Data records:
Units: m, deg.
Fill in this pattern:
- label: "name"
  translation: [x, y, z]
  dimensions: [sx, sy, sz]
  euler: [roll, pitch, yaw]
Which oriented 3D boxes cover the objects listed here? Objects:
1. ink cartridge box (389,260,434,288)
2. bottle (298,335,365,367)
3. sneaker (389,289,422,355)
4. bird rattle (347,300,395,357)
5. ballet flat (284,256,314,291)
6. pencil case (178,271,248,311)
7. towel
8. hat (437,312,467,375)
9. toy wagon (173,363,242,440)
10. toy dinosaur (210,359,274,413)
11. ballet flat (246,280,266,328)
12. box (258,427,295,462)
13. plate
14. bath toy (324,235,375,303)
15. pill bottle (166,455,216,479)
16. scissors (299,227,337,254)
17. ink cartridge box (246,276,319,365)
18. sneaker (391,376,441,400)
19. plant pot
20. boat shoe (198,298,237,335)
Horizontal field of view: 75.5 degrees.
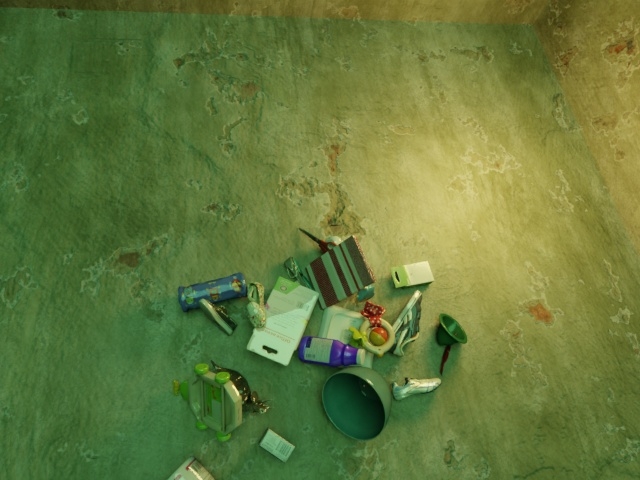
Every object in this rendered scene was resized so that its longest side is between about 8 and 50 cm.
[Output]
- label: "ink cartridge box"
  translation: [0.450, 0.178, 2.071]
  dimensions: [0.210, 0.062, 0.108]
  euler: [-9, 69, -13]
- label: "bottle"
  translation: [0.049, 0.485, 1.787]
  dimensions: [0.283, 0.092, 0.118]
  euler: [2, 65, 21]
- label: "sneaker"
  translation: [0.412, 0.392, 1.941]
  dimensions: [0.128, 0.126, 0.321]
  euler: [33, 77, 11]
- label: "bird rattle"
  translation: [0.236, 0.411, 1.860]
  dimensions: [0.207, 0.143, 0.253]
  euler: [37, 54, 13]
- label: "ballet flat"
  translation: [-0.106, 0.177, 1.986]
  dimensions: [0.068, 0.072, 0.213]
  euler: [-34, 74, 8]
- label: "pencil case"
  translation: [-0.479, 0.230, 1.862]
  dimensions: [0.307, 0.133, 0.119]
  euler: [-13, 95, -13]
- label: "towel"
  translation: [0.085, 0.152, 1.911]
  dimensions: [0.037, 0.329, 0.236]
  euler: [3, 59, -51]
- label: "hat"
  translation: [0.579, 0.481, 1.986]
  dimensions: [0.173, 0.183, 0.208]
  euler: [38, 25, 0]
- label: "toy wagon"
  translation: [-0.454, 0.626, 1.649]
  dimensions: [0.345, 0.068, 0.266]
  euler: [9, 103, 33]
- label: "toy dinosaur"
  translation: [-0.357, 0.628, 1.730]
  dimensions: [0.160, 0.121, 0.313]
  euler: [-24, 62, -43]
- label: "ballet flat"
  translation: [-0.290, 0.276, 1.809]
  dimensions: [0.091, 0.077, 0.240]
  euler: [-33, 39, 15]
- label: "box"
  translation: [-0.177, 0.816, 1.651]
  dimensions: [0.126, 0.137, 0.072]
  euler: [32, 67, 5]
- label: "plate"
  translation: [0.128, 0.452, 1.911]
  dimensions: [0.278, 0.045, 0.277]
  euler: [17, 65, -2]
- label: "bath toy"
  translation: [0.136, 0.131, 2.006]
  dimensions: [0.129, 0.151, 0.348]
  euler: [-3, 56, -50]
- label: "pill bottle"
  translation: [-0.443, 0.964, 1.531]
  dimensions: [0.283, 0.160, 0.160]
  euler: [42, 67, 10]
- label: "scissors"
  translation: [0.000, 0.000, 2.024]
  dimensions: [0.021, 0.109, 0.297]
  euler: [-2, 44, -48]
- label: "ink cartridge box"
  translation: [-0.167, 0.368, 1.853]
  dimensions: [0.207, 0.119, 0.353]
  euler: [23, 65, 4]
- label: "sneaker"
  translation: [0.433, 0.648, 1.855]
  dimensions: [0.238, 0.085, 0.086]
  euler: [-9, 74, -14]
- label: "plant pot"
  translation: [0.180, 0.648, 1.736]
  dimensions: [0.290, 0.290, 0.195]
  euler: [52, 32, 13]
- label: "boat shoe"
  translation: [-0.448, 0.321, 1.812]
  dimensions: [0.070, 0.078, 0.219]
  euler: [-52, 124, -31]

### What you will do
In the data above, find the line with "Which oriented 3D" and the line with "15. pill bottle (166,455,216,479)". Retype both, plus every line between them, exactly.

### Response
Which oriented 3D boxes cover the objects listed here? Objects:
1. ink cartridge box (389,260,434,288)
2. bottle (298,335,365,367)
3. sneaker (389,289,422,355)
4. bird rattle (347,300,395,357)
5. ballet flat (284,256,314,291)
6. pencil case (178,271,248,311)
7. towel
8. hat (437,312,467,375)
9. toy wagon (173,363,242,440)
10. toy dinosaur (210,359,274,413)
11. ballet flat (246,280,266,328)
12. box (258,427,295,462)
13. plate
14. bath toy (324,235,375,303)
15. pill bottle (166,455,216,479)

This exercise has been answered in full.